Cuvier would’ve described this sixth mass extinction as a revolution. But unlike the French Revolution of his time, it is not being instigated in the name of liberty, fraternity, and justice. Instead today’s revolution is being fought in the name of short-sightedness, greed, and wastefulness. And it’s by these perverse ideals that those who survive will be irrevocably altered, and for those who don’t, the recklessness of their extinction will be permanently preserved in the geologic record.

But most of all, this extinction has been made possible through an insistent refusal to accept what Cuvier undeniably proved. Life on Earth is not limitless. In fact, it is exceedingly fleeting. And the world we live in cannot be taken for granted.

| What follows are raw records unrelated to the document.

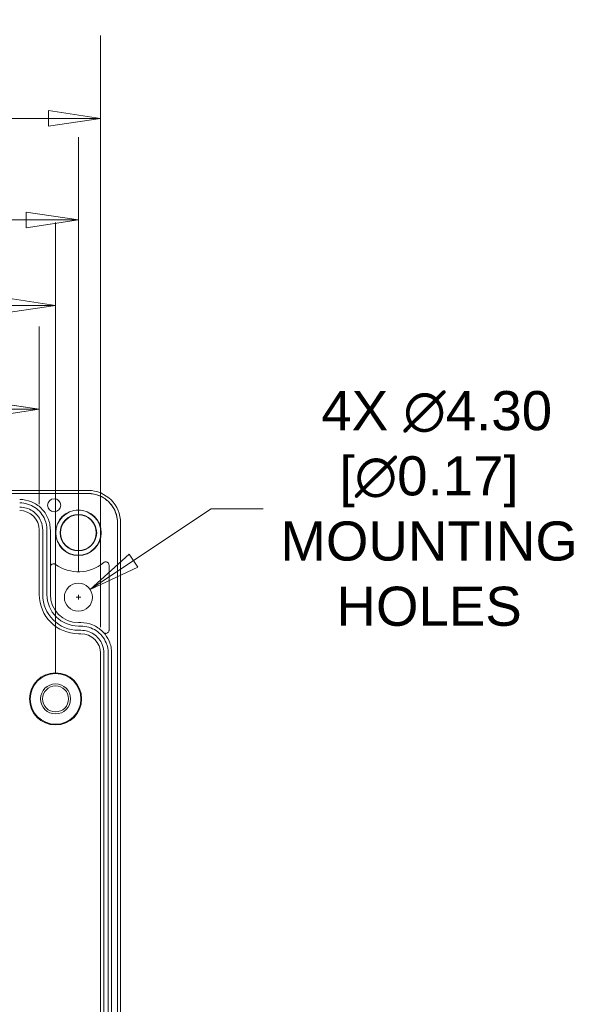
# Model space of a CAD drawing. Header units: millimetres. Extents: x 18 to 1100, y 18 to 846.
# Tile 6 of 25: x 300 to 386, y 201 to 352. Entities that reach past the tile are written whole.
import ezdxf

# ---------------------------------------------------------------- set-up
doc = ezdxf.new("R2010")
doc.units = ezdxf.units.MM
doc.header["$LTSCALE"] = 4
doc.layers.add('Dimension (ANSI)', color=7, linetype='Continuous', lineweight=9)
doc.layers.add('Visible (ANSI)', color=7, linetype='Continuous', lineweight=9)
doc.styles.add('Note Text (ANSI)', font='arial.ttf')
doc.dimstyles.new('Default - mm (ANSI)', dxfattribs={"dimscale": 4, "dimtxt": 1.5, "dimasz": 2, "dimexe": 3.175, "dimexo": 1, "dimgap": 0.8, "dimtad": 0, "dimtih": 1, "dimtoh": 1, "dimrnd": 1e-08, "dimzin": 4, "dimdsep": 46, "dimtxsty": 'Note Text (ANSI)', "dimblk": 'Filled-1', "dimcen": 0.09, "dimdle": 10, "dimclrd": 256, "dimclre": 256, "dimclrt": 256, "dimadec": 1, "dimazin": 0, "dimtfac": 2.032, "dimtofl": 0, "dimtmove": 0, "dimatfit": 3, "dimfxl": 1, "dimtolj": 1, "dimtzin": 0, "dimlwd": -1, "dimlwe": -1, "dimarcsym": 0})

# ---------------------------------------------------------------- blocks, each defined once
blk = doc.blocks.new('Filled-1')
at = {"color": 0}
for p, q in [((0, 0), (-1, 0.15)), ((-1, 0.15), (-1, -0.15)), ((-1, 0), (0, 0)), ((-1, -0.15), (0, 0))]:
    blk.add_line(p, q, dxfattribs=at)
at = {"color": 0, "flags": 128}
blk.add_lwpolyline([(-1, -0.15), (0, 0), (-1, 0.15), (-1, -0.15)], dxfattribs=at)
at = {"color": 0}
blk.add_solid([(-1, -0.15), (0, 0), (-1, 0.15), (-1, -0.15)], dxfattribs=at)
blk = doc.blocks.new('*D20')
at = {"layer": 'Defpoints', "color": 0, "transparency": 16777216}
for p in [(312.54, 336.74), (138.74, 254.68), (312.54, 254.68)]:
    blk.add_point(p, dxfattribs=at)
at = {"layer": 'Dimension (ANSI)', "transparency": 16777216}
for p, q in [((138.74, 258.68), (138.74, 349.44)), ((312.54, 258.68), (312.54, 349.44)), ((146.74, 336.74), (192.43, 336.74)), ((304.54, 336.74), (226.39, 336.74))]:
    blk.add_line(p, q, dxfattribs=at)
at = {"layer": 'Dimension (ANSI)', "transparency": 16777216, "xscale": 8, "yscale": 8, "zscale": 8, "rotation": 180}
blk.add_blockref('Filled-1', (138.74, 336.74), dxfattribs=at)
at = {"layer": 'Dimension (ANSI)', "transparency": 16777216, "xscale": 8, "yscale": 8, "zscale": 8}
blk.add_blockref('Filled-1', (312.54, 336.74), dxfattribs=at)
at = {"layer": 'Dimension (ANSI)', "transparency": 16777216, "char_height": 6, "attachment_point": 5, "style": 'Note Text (ANSI)'}
for s, insert in [('\\A1; 173.80', (209.41, 343.01)), ('\\A1;[6.84]', (209.41, 329.7))]:
    blk.add_mtext(s, dxfattribs=dict(at, insert=insert))
blk = doc.blocks.new('*D25')
at = {"layer": 'Defpoints', "color": 0, "transparency": 16777216}
for p in [(142.14, 321.16), (142.14, 263.28), (309.14, 263.28)]:
    blk.add_point(p, dxfattribs=at)
at = {"layer": 'Dimension (ANSI)', "transparency": 16777216}
for p, q in [((142.14, 267.28), (142.14, 333.86)), ((309.14, 267.28), (309.14, 333.86)), ((150.14, 321.16), (230.69, 321.16)), ((301.14, 321.16), (264.65, 321.16))]:
    blk.add_line(p, q, dxfattribs=at)
at = {"layer": 'Dimension (ANSI)', "transparency": 16777216, "xscale": 8, "yscale": 8, "zscale": 8, "rotation": 180}
blk.add_blockref('Filled-1', (142.14, 321.16), dxfattribs=at)
at = {"layer": 'Dimension (ANSI)', "transparency": 16777216, "xscale": 8, "yscale": 8, "zscale": 8}
blk.add_blockref('Filled-1', (309.14, 321.16), dxfattribs=at)
at = {"layer": 'Dimension (ANSI)', "transparency": 16777216, "char_height": 6, "attachment_point": 5, "style": 'Note Text (ANSI)'}
for s, insert in [('\\A1; 167.00', (247.67, 327.42)), ('\\A1;[6.57]', (247.67, 314.11))]:
    blk.add_mtext(s, dxfattribs=dict(at, insert=insert))
blk = doc.blocks.new('*D26')
at = {"layer": 'Defpoints', "color": 0, "transparency": 16777216}
for p in [(305.64, 308.05), (145.64, 247.68), (305.64, 247.68)]:
    blk.add_point(p, dxfattribs=at)
at = {"layer": 'Dimension (ANSI)', "transparency": 16777216}
for p, q in [((145.64, 251.68), (145.64, 320.75)), ((305.64, 251.68), (305.64, 320.75)), ((153.64, 308.05), (191.37, 308.05)), ((297.64, 308.05), (225.33, 308.05))]:
    blk.add_line(p, q, dxfattribs=at)
at = {"layer": 'Dimension (ANSI)', "transparency": 16777216, "xscale": 8, "yscale": 8, "zscale": 8, "rotation": 180}
blk.add_blockref('Filled-1', (145.64, 308.05), dxfattribs=at)
at = {"layer": 'Dimension (ANSI)', "transparency": 16777216, "xscale": 8, "yscale": 8, "zscale": 8}
blk.add_blockref('Filled-1', (305.64, 308.05), dxfattribs=at)
at = {"layer": 'Dimension (ANSI)', "transparency": 16777216, "char_height": 6, "attachment_point": 5, "style": 'Note Text (ANSI)'}
for s, insert in [('\\A1; 160.00', (208.35, 314.32)), ('\\A1;[6.30]', (208.35, 301.01))]:
    blk.add_mtext(s, dxfattribs=dict(at, insert=insert))
blk = doc.blocks.new('*D40')
at = {"layer": 'Defpoints', "color": 0, "transparency": 16777216}
for p in [(303.14, 292.11), (148.14, 273.58), (303.14, 273.58)]:
    blk.add_point(p, dxfattribs=at)
at = {"layer": 'Dimension (ANSI)', "transparency": 16777216}
for p, q in [((148.14, 277.58), (148.14, 304.81)), ((303.14, 277.58), (303.14, 304.81)), ((156.14, 292.11), (226.43, 292.11)), ((295.14, 292.11), (260.4, 292.11))]:
    blk.add_line(p, q, dxfattribs=at)
at = {"layer": 'Dimension (ANSI)', "transparency": 16777216, "xscale": 8, "yscale": 8, "zscale": 8, "rotation": 180}
blk.add_blockref('Filled-1', (148.14, 292.11), dxfattribs=at)
at = {"layer": 'Dimension (ANSI)', "transparency": 16777216, "xscale": 8, "yscale": 8, "zscale": 8}
blk.add_blockref('Filled-1', (303.14, 292.11), dxfattribs=at)
at = {"layer": 'Dimension (ANSI)', "transparency": 16777216, "char_height": 6, "attachment_point": 5, "style": 'Note Text (ANSI)'}
for s, insert in [('\\A1; 155.00', (243.42, 298.37)), ('\\A1;[6.10]', (243.42, 285.07))]:
    blk.add_mtext(s, dxfattribs=dict(at, insert=insert))
blk = doc.blocks.new('*D41')
at = {"layer": 'Defpoints', "color": 0, "transparency": 16777216}
for p in [(310.93, 264.47), (307.36, 262.09)]:
    blk.add_point(p, dxfattribs=at)
at = {"layer": 'Dimension (ANSI)', "transparency": 16777216}
for p, q in [((329.49, 276.86), (317.59, 268.91)), ((337.49, 276.86), (329.49, 276.86)), ((308.78, 263.28), (309.5, 263.28)), ((309.14, 262.92), (309.14, 263.64))]:
    blk.add_line(p, q, dxfattribs=at)
at = {"layer": 'Dimension (ANSI)', "transparency": 16777216, "xscale": 8, "yscale": 8, "zscale": 8, "rotation": 213.7219484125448}
blk.add_blockref('Filled-1', (310.93, 264.47), dxfattribs=at)
at = {"layer": 'Dimension (ANSI)', "transparency": 16777216, "insert": (362.93, 276.86), "char_height": 6, "attachment_point": 5, "style": 'Note Text (ANSI)'}
blk.add_mtext('\\A1; \\fArial|b0|i0;\\H6.0000;4X ∅4.30\\P[∅0.17]{\\P\\fArial|b0|i0;\\H6.0000;MOUNTING\\P\\fArial|b0|i0;\\H6.0000;HOLES}', dxfattribs=at)

msp = doc.modelspace()

# ---------------------------------------------------------------- linework, layer by layer
at = {"layer": 'Visible (ANSI)'}
for p, q in [((140.6602, 279.662), (310.6269, 279.662)), ((310.6443, 279.1969), (140.6428, 279.1969)), ((310.6443, 279.1794), (140.6428, 279.1794)), ((303.1436, 273.5795), (303.1436, 263.6794)), ((303.6671, 273.5795), (303.6671, 263.6794)), ((304.32, 273.5795), (304.32, 263.6794)), ((304.8436, 273.5795), (304.8436, 267.9059)), ((315.1436, 104.6787), (315.1436, 274.6802)), ((315.161, 104.6787), (315.161, 274.6802)), ((315.6261, 274.6627), (315.6261, 104.6961)), ((304.8436, 267.9059), (304.8436, 263.6794)), ((313.8436, 268.2187), (313.8436, 258.2291)), ((309.1436, 259.3794), (309.5436, 259.3794)), ((309.1436, 258.8558), (309.5436, 258.8558)), ((309.1436, 258.203), (309.5436, 258.203)), ((309.1436, 257.6794), (309.5436, 257.6794)), ((312.5436, 254.6798), (312.5436, 124.6791)), ((313.0671, 254.6798), (313.0671, 124.6791)), ((313.72, 254.6798), (313.72, 124.6791)), ((314.2436, 254.6798), (314.2436, 124.6791))]:
    msp.add_line(p, q, dxfattribs=at)
for centre, radius in [((305.4294, 277.3794), 1), ((309.1436, 273.1794), 3.5), ((309.1436, 273.1794), 3.4581), ((309.1436, 273.1794), 2.8067), ((309.1436, 273.1794), 2.7439), ((309.1436, 263.2794), 2.15), ((305.6436, 247.6794), 3.9997), ((305.6436, 247.6794), 3.895), ((305.6436, 247.6794), 2.3), ((305.6436, 247.6794), 1.9956)]:
    msp.add_circle(centre, radius, dxfattribs=at)
for centre, radius, start, end in [((309.1436, 273.1794), 6, 234.223849, 310.252384), ((309.1436, 263.6794), 6, 180, 270), ((309.1436, 263.6794), 5.4764, 180, 270), ((309.1436, 263.6794), 4.8236, 180, 270), ((309.1436, 263.6794), 4.3, 180, 270)]:
    msp.add_arc(centre, radius, start, end, dxfattribs=at)
for centre, major_axis, ratio, start_param, end_param in [((310.6253, 274.6612), (3.5366, 3.5366), 0.99969546, 5.49793944, 7.06843118), ((300.1438, 273.5795), (0.0002, 2.9999), 0.99996191, 4.71246509, 6.28326141), ((309.5431, 254.6793), (2.6838, 1.3418), 0.99980964, 5.81964431, 7.39028833)]:
    msp.add_ellipse(centre, major_axis=major_axis, ratio=ratio, start_param=start_param, end_param=end_param, dxfattribs=at)
for points, knots in [([(300.1438, 278.2794), (300.7557, 278.2794), (301.3619, 278.1599), (302.4942, 277.6952), (303.0095, 277.3545), (303.8807, 276.4948), (304.2281, 275.9839), (304.5915, 275.1305), (304.6856, 274.8284), (304.8118, 274.2099), (304.8436, 273.8951), (304.8436, 273.5795)], [0, 0, 0, 0, 0.183589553, 0.183589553, 0.367180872, 0.367180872, 0.550776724, 0.550776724, 0.645456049, 0.645456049, 0.740135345, 0.740135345, 0.740135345, 0.740135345]), ([(315.161, 274.6802), (315.161, 275.5672), (314.6231, 277.3388), (312.7144, 278.904), (311.2356, 279.1968), (310.6443, 279.1969)], [2.35634678, 2.35634678, 2.35634678, 2.35634678, 2.94528119, 3.53421559, 3.92683852, 3.92683852, 3.92683852, 3.92683852]), ([(315.1436, 274.6802), (315.1436, 275.2662), (315.0291, 275.8466), (314.5842, 276.9307), (314.258, 277.4241), (313.4349, 278.2579), (312.9459, 278.5904), (312.129, 278.9382), (311.8398, 279.0282), (311.2478, 279.149), (310.9464, 279.1794), (310.6443, 279.1794)], [0, 0, 0, 0, 0.175807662, 0.175807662, 0.351559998, 0.351559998, 0.527295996, 0.527295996, 0.617926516, 0.617926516, 0.708563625, 0.708563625, 0.708563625, 0.708563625]), ([(300.1438, 277.7558), (300.9638, 277.7558), (302.6019, 277.2584), (304.0491, 275.4935), (304.3199, 274.1262), (304.32, 273.5795)], [3.14151655, 3.14151655, 3.14151655, 3.14151655, 3.73056517, 4.31961379, 4.71231287, 4.71231287, 4.71231287, 4.71231287]), ([(300.1438, 277.103), (300.8356, 277.103), (302.2176, 276.6833), (303.4386, 275.1943), (303.6671, 274.0407), (303.6671, 273.5795)], [3.14151655, 3.14151655, 3.14151655, 3.14151655, 3.73056517, 4.31961379, 4.71231287, 4.71231287, 4.71231287, 4.71231287]), ([(305.6358, 268.3116), (305.583, 268.3496), (305.5232, 268.377), (305.3966, 268.4073), (305.3309, 268.41), (305.2022, 268.39), (305.1405, 268.3675), (305.0291, 268.3001), (304.9805, 268.2559), (304.9101, 268.1608), (304.8854, 268.1132), (304.8521, 268.0121), (304.8436, 267.9592), (304.8436, 267.9059)], [0, 0, 0, 0, 0.019536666, 0.019536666, 0.039069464, 0.039069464, 0.058599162, 0.058599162, 0.07812831, 0.07812831, 0.094099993, 0.094099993, 0.110072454, 0.110072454, 0.110072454, 0.110072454]), ([(313.8436, 268.2187), (313.8436, 268.2838), (313.8308, 268.3484), (313.7814, 268.4688), (313.7451, 268.5237), (313.6537, 268.6163), (313.5993, 268.6532), (313.4796, 268.7042), (313.4153, 268.7178), (313.2904, 268.7194), (313.2309, 268.7094), (313.1184, 268.669), (313.0661, 268.6388), (313.0205, 268.6002)], [0, 0, 0, 0, 0.019541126, 0.019541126, 0.039071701, 0.039071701, 0.058595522, 0.058595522, 0.07812026, 0.07812026, 0.09606381, 0.09606381, 0.114009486, 0.114009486, 0.114009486, 0.114009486]), ([(309.5436, 259.3794), (310.1557, 259.3794), (310.7619, 259.2599), (311.8944, 258.7951), (312.4098, 258.4543), (312.8906, 257.9797), (312.9349, 257.9342), (312.9782, 257.8879)], [0, 0, 0, 0, 0.183634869, 0.183634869, 0.367245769, 0.367245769, 0.386307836, 0.386307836, 0.386307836, 0.386307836]), ([(309.5436, 258.8558), (310.3636, 258.8558), (312.0017, 258.3585), (313.4491, 256.5937), (313.7199, 255.2264), (313.72, 254.6798)], [2.03448963, 2.03448963, 2.03448963, 2.03448963, 2.62348114, 3.21247265, 3.60513365, 3.60513365, 3.60513365, 3.60513365]), ([(309.5436, 258.203), (310.2354, 258.203), (311.6175, 257.7834), (312.8386, 256.2945), (313.0671, 255.141), (313.0671, 254.6798)], [2.03448963, 2.03448963, 2.03448963, 2.03448963, 2.62348114, 3.21247265, 3.60513365, 3.60513365, 3.60513365, 3.60513365]), ([(312.9782, 257.8879), (313.0227, 257.8403), (313.0761, 257.8018), (313.1945, 257.7475), (313.2585, 257.7321), (313.3886, 257.7269), (313.4535, 257.737), (313.5759, 257.7815), (313.6321, 257.8155), (313.7283, 257.9031), (313.7674, 257.9559), (313.8111, 258.0481), (313.8232, 258.0831), (313.8395, 258.1552), (313.8436, 258.1921), (313.8436, 258.2291)], [0, 0, 0, 0, 0.019554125, 0.019554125, 0.039096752, 0.039096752, 0.058625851, 0.058625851, 0.078147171, 0.078147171, 0.097670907, 0.097670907, 0.108759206, 0.108759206, 0.119848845, 0.119848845, 0.119848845, 0.119848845]), ([(313.8436, 256.577), (313.8518, 256.5583), (313.86, 256.5395), (313.9916, 256.2303), (314.0857, 255.9283), (314.2118, 255.31), (314.2436, 254.9953), (314.2436, 254.6798)], [0.544678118, 0.544678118, 0.544678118, 0.544678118, 0.550834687, 0.550834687, 0.645488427, 0.645488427, 0.740141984, 0.740141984, 0.740141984, 0.740141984])]:
    msp.add_open_spline(points, degree=3, knots=knots, dxfattribs=at)
msp.add_open_spline([(312.9782, 257.8879), (313.3379, 257.5028), (313.6306, 257.0597), (313.8436, 256.577)], degree=3, dxfattribs=at)

# ---------------------------------------------------------------- dimensions: what is measured, and where the dimension line sits
at = {"layer": 'Dimension (ANSI)'}
for base, p1, p2, text, picture, middle in [((312.5436, 336.7448), (138.7436, 254.6798), (312.5436, 254.6798), ' <>\\X[6.84]', '*D20', (209.4101, 336.7448)), ((142.1436, 321.1584), (309.1436, 263.2794), (142.1436, 263.2794), ' <>\\X[6.57]', '*D25', (247.6676, 321.1584)), ((305.6436, 308.0517), (145.6436, 247.6794), (305.6436, 247.6794), ' <>\\X[6.30]', '*D26', (208.3474, 308.0517))]:
    dim = msp.add_linear_dim(base=base, p1=p1, p2=p2, angle=180, text=text, dimstyle='Default - mm (ANSI)', override={"dimgap": 0.8, "dimtih": 0, "dimtoh": 0, "dimdec": 2, "dimpost": '\\X', "dimtol": 0, "dimlim": 0, "dimtp": 0, "dimtm": 0, "dimtdec": 2, "dimatfit": 1}, dxfattribs=at)
    dim.commit()
    dim.dimension.update_dxf_attribs({"geometry": picture, "text_midpoint": middle, "dimtype": 160})
dim = msp.add_linear_dim(base=(303.1436, 292.1111), p1=(148.1436, 273.5795), p2=(303.1436, 273.5795), text=' <>\\X[6.10]', dimstyle='Default - mm (ANSI)', override={"dimgap": 0.8, "dimtih": 0, "dimtoh": 0, "dimdec": 2, "dimpost": '\\X', "dimtol": 0, "dimlim": 0, "dimtp": 0, "dimtm": 0, "dimtdec": 2, "dimatfit": 1}, dxfattribs=at)
dim.commit()
dim.dimension.update_dxf_attribs({"geometry": '*D40', "text_midpoint": (243.4168, 292.1111), "dimtype": 160})
dim = msp.add_diameter_dim_2p(p1=(307.3553, 262.0858), p2=(310.9318, 264.473), text=' \\fArial|b0|i0;\\H6.0000;4X <>\\X[∅0.17]{\\P\\fArial|b0|i0;\\H6.0000;MOUNTING\\P\\fArial|b0|i0;\\H6.0000;HOLES}', dimstyle='Default - mm (ANSI)', override={"dimgap": 0.8, "dimdec": 2, "dimlfac": 1, "dimpost": '\\X', "dimtol": 0, "dimlim": 0, "dimtp": 0, "dimtm": 0, "dimtdec": 2}, dxfattribs=at)
dim.commit()
dim.dimension.update_dxf_attribs({"geometry": '*D41', "text_midpoint": (362.9311, 276.8594), "dimtype": 163})

doc.saveas('drawing.dxf')

Because to truly understand extinction means we cannot be absolved of our own involvement in its execution.

For eons, since the beginning of the solar system itself, a chunk of stone the size of Mount Everest spiraled around the sun. Tiny perturbations in its orbit and minor collisions with other planetary bodies sent it closer and closer to its inevitable fate. It could not redirect its course any more than the dinosaurs could protect themselves from their impending doom.

While the trajectory of the asteroid had been set since its creation, the mass extinction happening today is not preordained. It’s not inevitable. It’s not written in stone. Not yet anyway.

It can be easy to despair in the face of problems this large — to see them as beyond our control and too impossibly entrenched to change. But it all begins with a revolution in ourselves.

Because what Cuvier proved was that the world could change, and that change could come suddenly and powerfully. A difference can be made.

While what we do on an individual scale might seem inconsequential, so can each perturbation in the orbit of an approaching asteroid. Every little wobble counts. And eventually it can be enough to make an impact.